On June 15, 2021, it was announced that Showtime had given the project a 10-episode series order, with Hollander set as showrunner. On April 23, 2022, it was announced that Hollander had left the project after an on-set misconduct investigation. The series premiered on September 11, 2022. On January 30, 2023, Showtime canceled the series after one season.

===Casting===
After a casting search took place in early 2020, Jon Bernthal was cast as the lead alongside the pilot order announcement in March 2020. In November 2020, Gretchen Mol was cast in a lead role, with Rosie O'Donnell added in a starring role the following month. Lizzie Brocheré, Gabriel LaBelle, and Leland Orser joined the main cast in January 2021, with Wayne Brady set to star in a recurring capacity that same month.

===Filming===
Principal photography began on July 12, 2021, in Los Angeles. On April 27, 2022, it was reported that production was shut down for four days due to Hollander's dismissal and an actor being unavailable at the moment.

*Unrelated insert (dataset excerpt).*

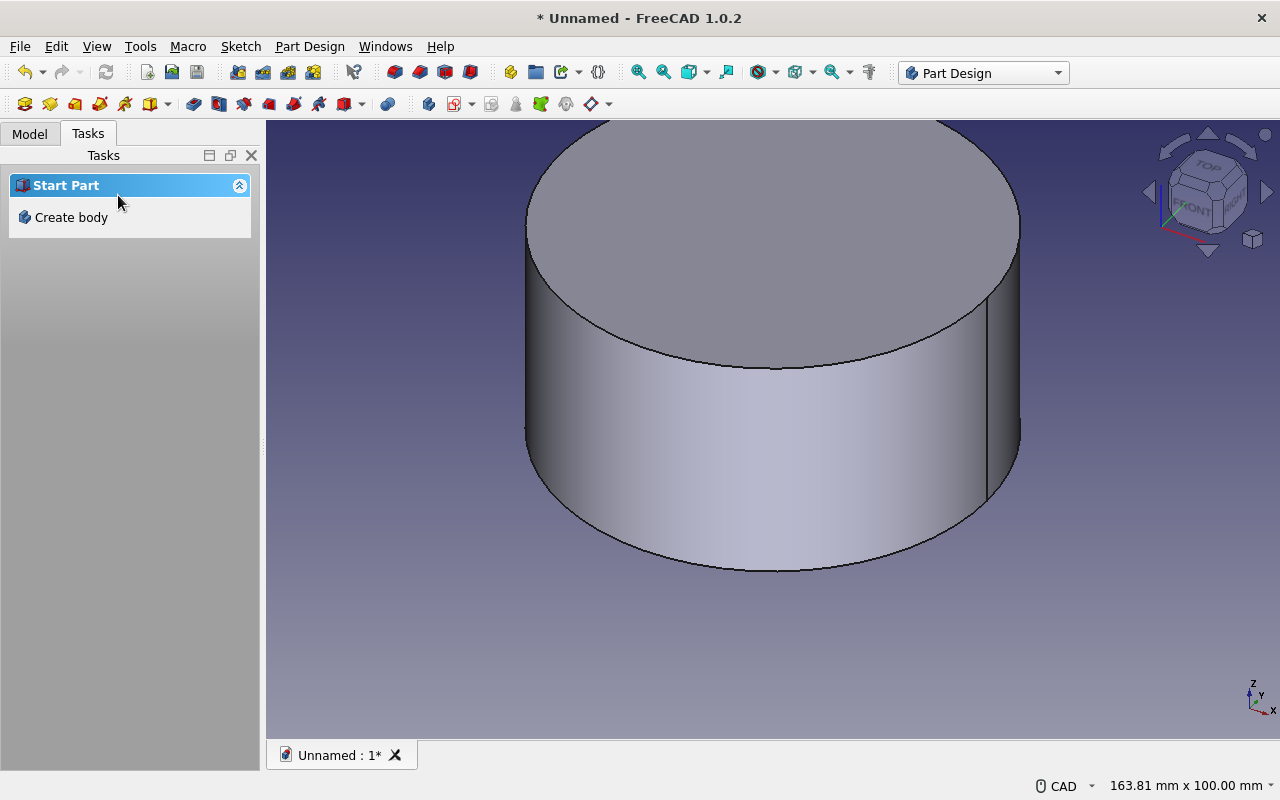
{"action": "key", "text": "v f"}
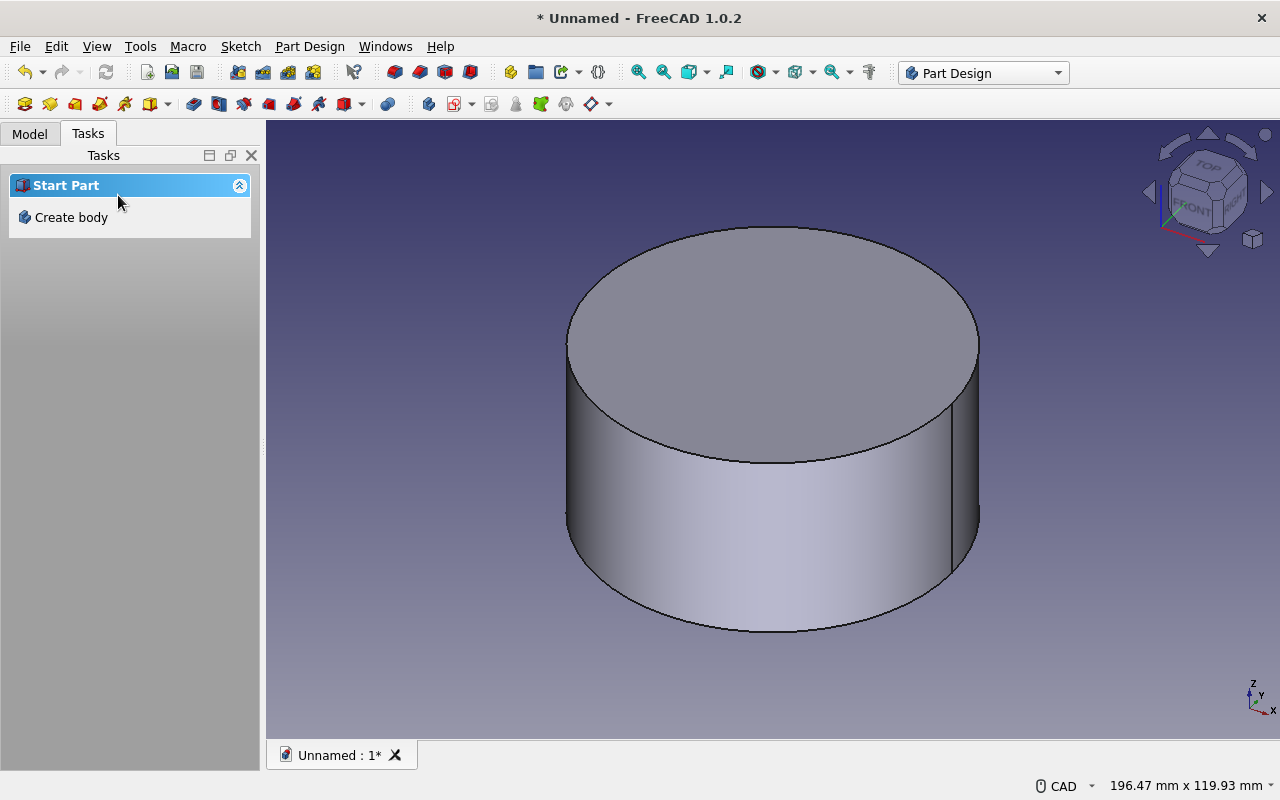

On May 12, 2022, it was announced that production was shut down again for at least two weeks as David Bar Katz exited the series.

== Reception ==
The review aggregator website Rotten Tomatoes reported a 35% approval rating with an average rating of 5.2/10, based on 37 critic reviews. The website's critics consensus reads, "Wasting Jon Bernthal's considerable charms on a tedious murder mystery, this American Gigolo is more dud than stud." Metacritic, which uses a weighted average, assigned a score of 50 out of 100 based on 19 critics, indicating "mixed or average reviews".